Goal of the exercise: Make an exact transcript of the lines in the data below, starting with the one containing "var cnt int" and going on through the one containing "if (hasTag(info) &&", with both included and the pictures left out.

BEGIN

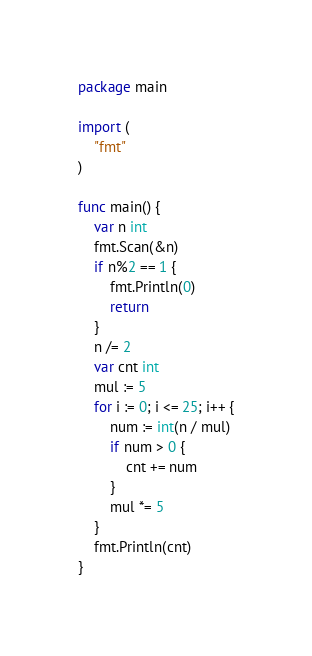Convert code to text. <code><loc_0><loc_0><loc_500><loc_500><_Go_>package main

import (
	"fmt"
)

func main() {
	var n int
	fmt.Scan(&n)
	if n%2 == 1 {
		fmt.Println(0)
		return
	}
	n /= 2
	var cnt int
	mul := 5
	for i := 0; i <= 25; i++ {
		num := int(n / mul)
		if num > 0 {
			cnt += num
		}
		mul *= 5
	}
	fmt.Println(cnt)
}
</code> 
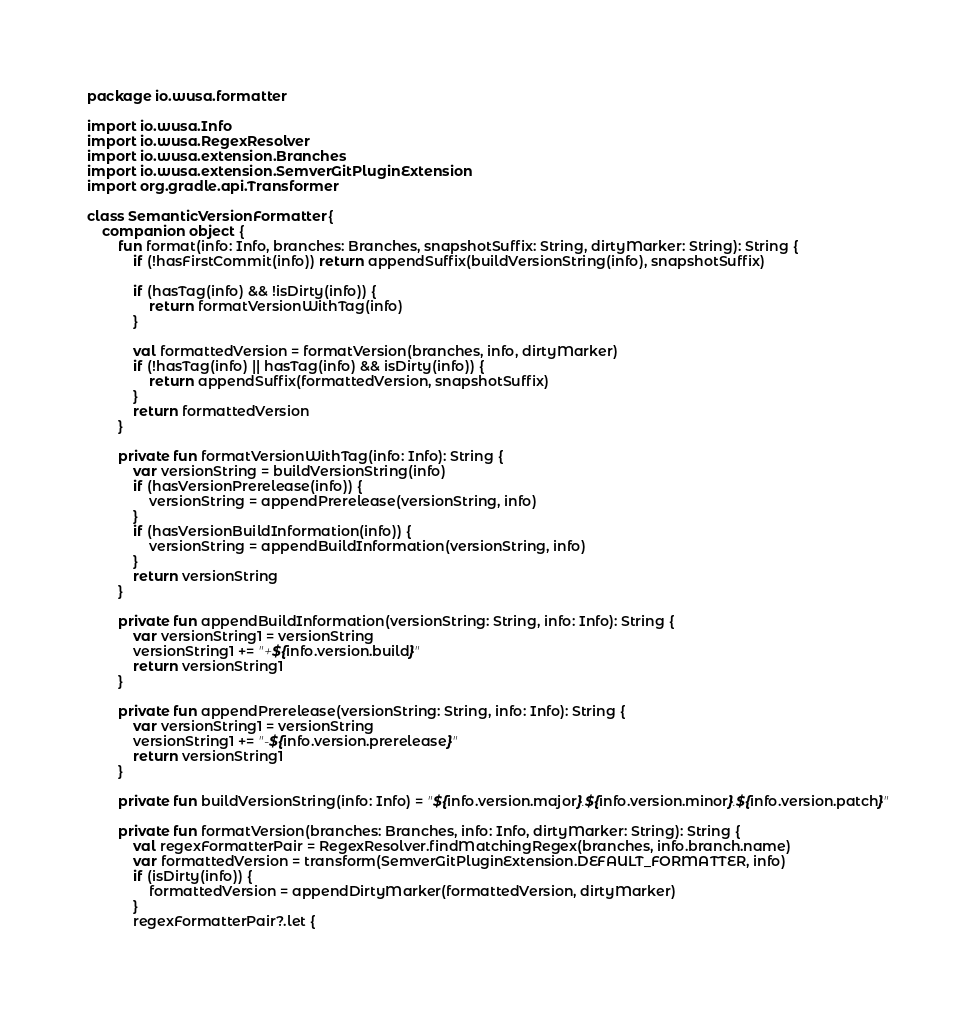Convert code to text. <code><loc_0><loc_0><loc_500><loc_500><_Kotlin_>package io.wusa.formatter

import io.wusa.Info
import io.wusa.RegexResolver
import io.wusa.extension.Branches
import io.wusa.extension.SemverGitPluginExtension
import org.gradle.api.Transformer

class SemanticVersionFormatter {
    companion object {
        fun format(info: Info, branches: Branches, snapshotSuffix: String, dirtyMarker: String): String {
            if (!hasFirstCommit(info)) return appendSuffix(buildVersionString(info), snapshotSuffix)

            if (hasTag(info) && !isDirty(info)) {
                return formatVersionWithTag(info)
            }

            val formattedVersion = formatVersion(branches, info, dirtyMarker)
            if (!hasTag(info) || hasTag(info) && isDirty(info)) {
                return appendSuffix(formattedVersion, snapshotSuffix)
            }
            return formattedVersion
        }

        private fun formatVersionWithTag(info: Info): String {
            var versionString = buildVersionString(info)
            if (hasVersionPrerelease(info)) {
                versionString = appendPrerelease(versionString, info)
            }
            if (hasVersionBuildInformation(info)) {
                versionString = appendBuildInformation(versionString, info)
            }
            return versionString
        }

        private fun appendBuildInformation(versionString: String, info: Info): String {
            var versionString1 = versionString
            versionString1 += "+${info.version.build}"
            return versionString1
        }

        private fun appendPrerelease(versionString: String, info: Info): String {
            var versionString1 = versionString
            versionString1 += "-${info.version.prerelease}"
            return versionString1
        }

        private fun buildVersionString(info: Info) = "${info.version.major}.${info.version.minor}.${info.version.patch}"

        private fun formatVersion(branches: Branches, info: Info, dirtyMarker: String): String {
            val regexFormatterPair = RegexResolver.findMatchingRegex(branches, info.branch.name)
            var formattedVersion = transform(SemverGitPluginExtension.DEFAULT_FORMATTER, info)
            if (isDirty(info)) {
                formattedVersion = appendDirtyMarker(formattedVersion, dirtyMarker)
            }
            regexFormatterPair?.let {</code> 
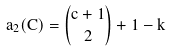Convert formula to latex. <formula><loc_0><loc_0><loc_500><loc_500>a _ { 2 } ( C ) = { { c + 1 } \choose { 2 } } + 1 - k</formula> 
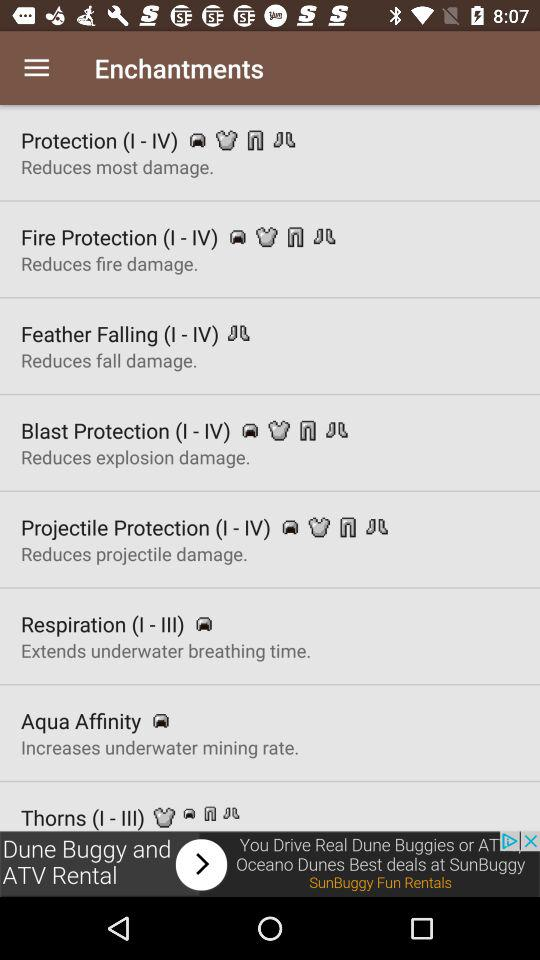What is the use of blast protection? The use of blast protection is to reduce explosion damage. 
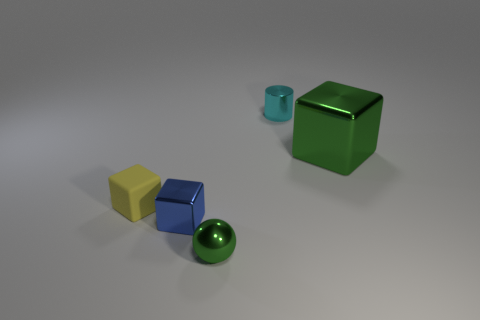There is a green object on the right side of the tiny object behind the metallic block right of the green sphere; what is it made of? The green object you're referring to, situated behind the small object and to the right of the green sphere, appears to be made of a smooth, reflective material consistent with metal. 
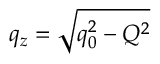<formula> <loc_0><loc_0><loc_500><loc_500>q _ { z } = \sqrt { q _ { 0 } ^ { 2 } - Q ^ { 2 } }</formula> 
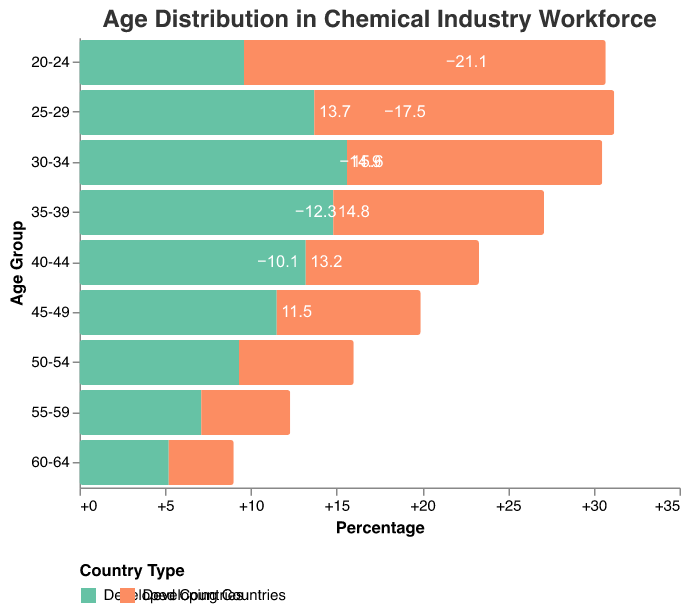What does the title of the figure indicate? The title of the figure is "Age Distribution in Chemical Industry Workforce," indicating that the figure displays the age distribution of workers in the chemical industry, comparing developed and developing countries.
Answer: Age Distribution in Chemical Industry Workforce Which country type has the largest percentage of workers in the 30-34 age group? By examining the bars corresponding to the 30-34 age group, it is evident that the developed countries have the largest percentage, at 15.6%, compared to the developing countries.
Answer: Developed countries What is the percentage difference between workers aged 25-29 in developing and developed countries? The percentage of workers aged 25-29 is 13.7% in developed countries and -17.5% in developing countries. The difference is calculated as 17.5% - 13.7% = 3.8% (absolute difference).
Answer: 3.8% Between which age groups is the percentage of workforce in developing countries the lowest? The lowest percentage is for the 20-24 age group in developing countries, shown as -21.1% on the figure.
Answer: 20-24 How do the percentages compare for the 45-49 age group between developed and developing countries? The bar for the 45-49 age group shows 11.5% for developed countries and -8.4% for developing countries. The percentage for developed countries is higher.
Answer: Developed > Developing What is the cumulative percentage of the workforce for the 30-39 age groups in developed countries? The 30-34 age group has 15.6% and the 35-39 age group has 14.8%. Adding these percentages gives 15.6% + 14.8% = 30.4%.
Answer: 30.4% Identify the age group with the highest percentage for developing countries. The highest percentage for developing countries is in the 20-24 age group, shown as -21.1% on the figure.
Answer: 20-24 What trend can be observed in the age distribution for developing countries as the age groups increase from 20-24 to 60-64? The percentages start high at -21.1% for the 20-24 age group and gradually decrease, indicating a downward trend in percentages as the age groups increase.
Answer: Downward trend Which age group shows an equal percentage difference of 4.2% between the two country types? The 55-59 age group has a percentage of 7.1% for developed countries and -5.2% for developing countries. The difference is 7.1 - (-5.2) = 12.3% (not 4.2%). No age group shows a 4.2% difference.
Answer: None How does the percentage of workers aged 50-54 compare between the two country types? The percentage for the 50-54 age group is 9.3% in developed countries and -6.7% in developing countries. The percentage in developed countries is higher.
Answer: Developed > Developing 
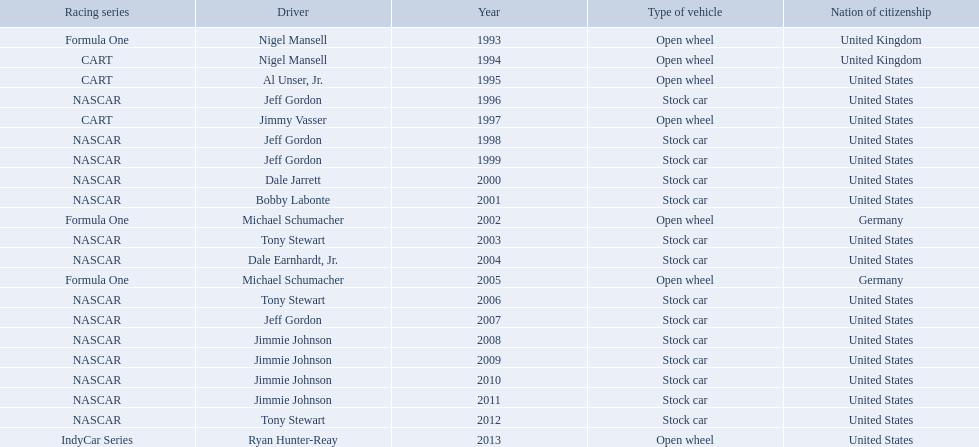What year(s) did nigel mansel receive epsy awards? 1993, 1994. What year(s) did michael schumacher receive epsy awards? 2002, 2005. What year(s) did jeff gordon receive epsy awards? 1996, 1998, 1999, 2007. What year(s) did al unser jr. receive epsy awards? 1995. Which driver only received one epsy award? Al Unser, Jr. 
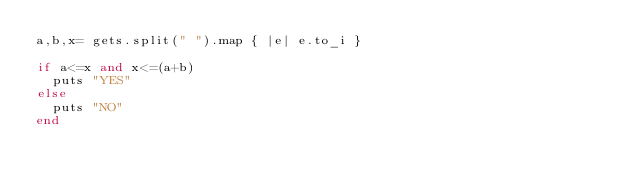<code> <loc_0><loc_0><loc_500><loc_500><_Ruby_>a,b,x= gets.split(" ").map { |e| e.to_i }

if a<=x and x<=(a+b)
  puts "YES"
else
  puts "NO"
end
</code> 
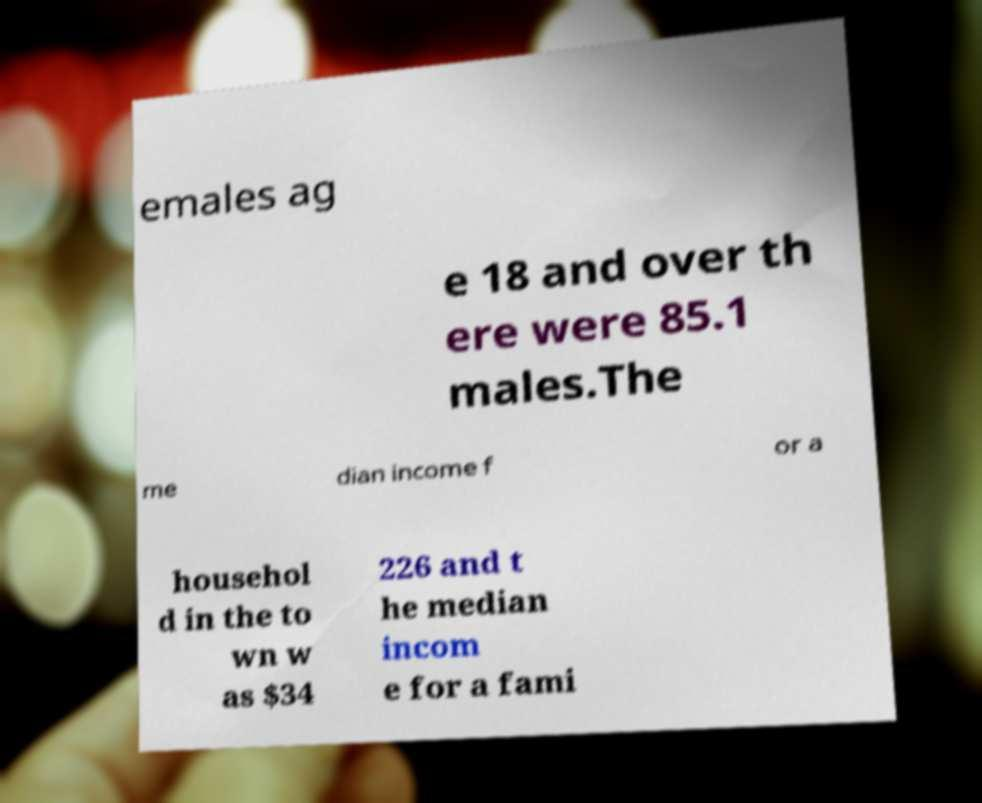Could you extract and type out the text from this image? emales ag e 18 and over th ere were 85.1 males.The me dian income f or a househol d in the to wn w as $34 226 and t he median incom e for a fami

END

Your response:
	var cnt int
	mul := 5
	for i := 0; i <= 25; i++ {
		num := int(n / mul)
		if num > 0 {
			cnt += num
		}
		mul *= 5
	}
	fmt.Println(cnt)
}
</code> 
Convert code to text. <code><loc_0><loc_0><loc_500><loc_500><_Kotlin_>package io.wusa.formatter

import io.wusa.Info
import io.wusa.RegexResolver
import io.wusa.extension.Branches
import io.wusa.extension.SemverGitPluginExtension
import org.gradle.api.Transformer

class SemanticVersionFormatter {
    companion object {
        fun format(info: Info, branches: Branches, snapshotSuffix: String, dirtyMarker: String): String {
            if (!hasFirstCommit(info)) return appendSuffix(buildVersionString(info), snapshotSuffix)

            if (hasTag(info) && !isDirty(info)) {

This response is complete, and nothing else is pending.